Sharp Objects, now streaming on Foxtel, is a mysterious who-dunnit set in the tiny, haunted town of Wind Gap, Missouri.

The series, which is based on Gillian Flynn’s book of the same name, will keep you guessing right up until the final credits roll (you can read our full review here).

Wind Gap is the kind of sweaty, quiet town where you can imagine tumbleweeds rolling down the main street unobstructed.
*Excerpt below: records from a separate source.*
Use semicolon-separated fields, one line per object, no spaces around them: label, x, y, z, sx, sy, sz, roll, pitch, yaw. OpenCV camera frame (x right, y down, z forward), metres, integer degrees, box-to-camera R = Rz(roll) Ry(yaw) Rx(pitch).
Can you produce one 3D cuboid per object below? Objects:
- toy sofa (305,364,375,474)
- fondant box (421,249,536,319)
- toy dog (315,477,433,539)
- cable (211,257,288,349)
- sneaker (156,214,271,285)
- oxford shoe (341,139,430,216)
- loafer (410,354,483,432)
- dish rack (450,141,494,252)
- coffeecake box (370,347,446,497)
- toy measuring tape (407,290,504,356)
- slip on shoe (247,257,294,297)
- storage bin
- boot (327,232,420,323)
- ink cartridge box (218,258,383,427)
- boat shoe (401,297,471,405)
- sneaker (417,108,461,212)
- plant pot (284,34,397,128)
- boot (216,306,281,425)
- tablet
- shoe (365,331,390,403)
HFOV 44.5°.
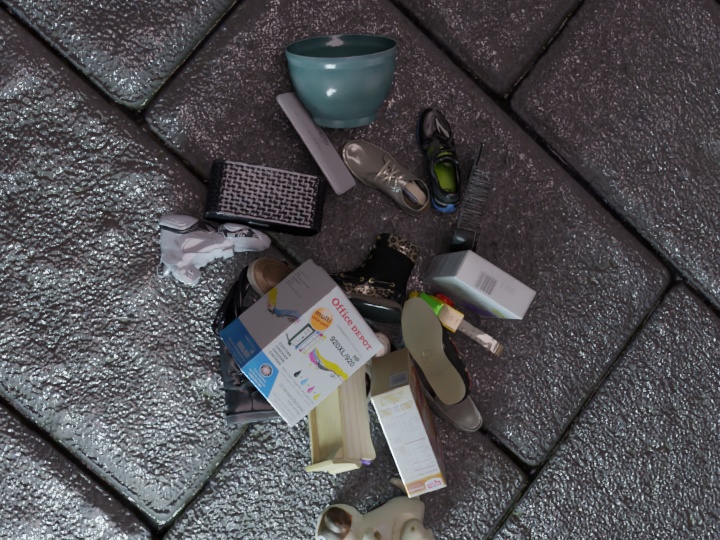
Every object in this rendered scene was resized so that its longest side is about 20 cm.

It’s also the home of a violent serial killer, who’s preying on the town’s teenage girls.

Camille Preaker (Amy Adams), a hardworking and hard-drinking journalist, returns to Wind Gap to report on the disappearance of two local girls.
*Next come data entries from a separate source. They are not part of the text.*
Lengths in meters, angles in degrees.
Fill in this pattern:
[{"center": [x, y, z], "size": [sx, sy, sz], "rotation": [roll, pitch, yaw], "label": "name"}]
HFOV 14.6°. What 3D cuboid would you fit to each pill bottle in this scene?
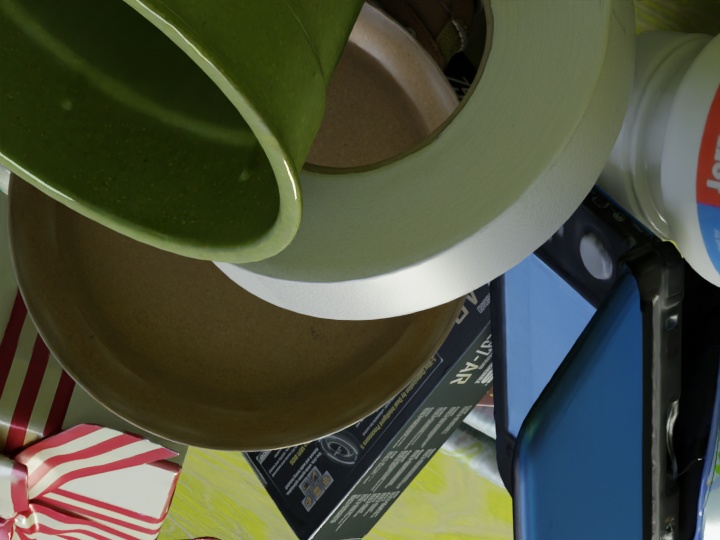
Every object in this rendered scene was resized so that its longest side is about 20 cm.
[{"center": [0.184, -0.038, 1.065], "size": [0.199, 0.113, 0.112], "rotation": [13, 156, 43], "label": "pill bottle"}]

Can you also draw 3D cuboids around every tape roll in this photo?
[{"center": [0.009, -0.078, 1.096], "size": [0.202, 0.203, 0.037], "rotation": [20, 164, 31], "label": "tape roll"}]

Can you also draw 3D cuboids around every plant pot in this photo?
[{"center": [-0.062, -0.139, 1.036], "size": [0.199, 0.190, 0.200], "rotation": [27, 158, 12], "label": "plant pot"}, {"center": [-0.047, -0.025, 1.172], "size": [0.199, 0.201, 0.027], "rotation": [28, 179, 6], "label": "plant pot"}]

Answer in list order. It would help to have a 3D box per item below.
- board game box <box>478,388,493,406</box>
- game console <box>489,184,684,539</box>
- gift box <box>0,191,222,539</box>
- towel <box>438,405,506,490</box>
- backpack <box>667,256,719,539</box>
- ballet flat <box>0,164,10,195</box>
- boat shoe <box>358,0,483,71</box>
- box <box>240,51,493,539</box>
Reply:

Sharp Objects is the mysterious who-dunnit gripping viewers all over the world…

During her visit she’s forced to face her own murky past and the mysterious death of her younger sister, who died when they were just teenagers.

While the series is a slow burn, there have been a few subtle messages in the first couple of episodes, which hint at the show’s bigger mystery.

According to show runner, Marti Noxon, there’s a hidden meaning in every episode title.

“I went through the book and just took out every single word Gillian mentions,” Noxon told The Wrap. “And then would look at what I was trying to do in the episode, and I don’t think we invented any – we might have, but I don’t think we did.

“So for ‘Vanish’, you know for me, I felt like for her to go home was… like disappearing back into her past,” she said of the first episode.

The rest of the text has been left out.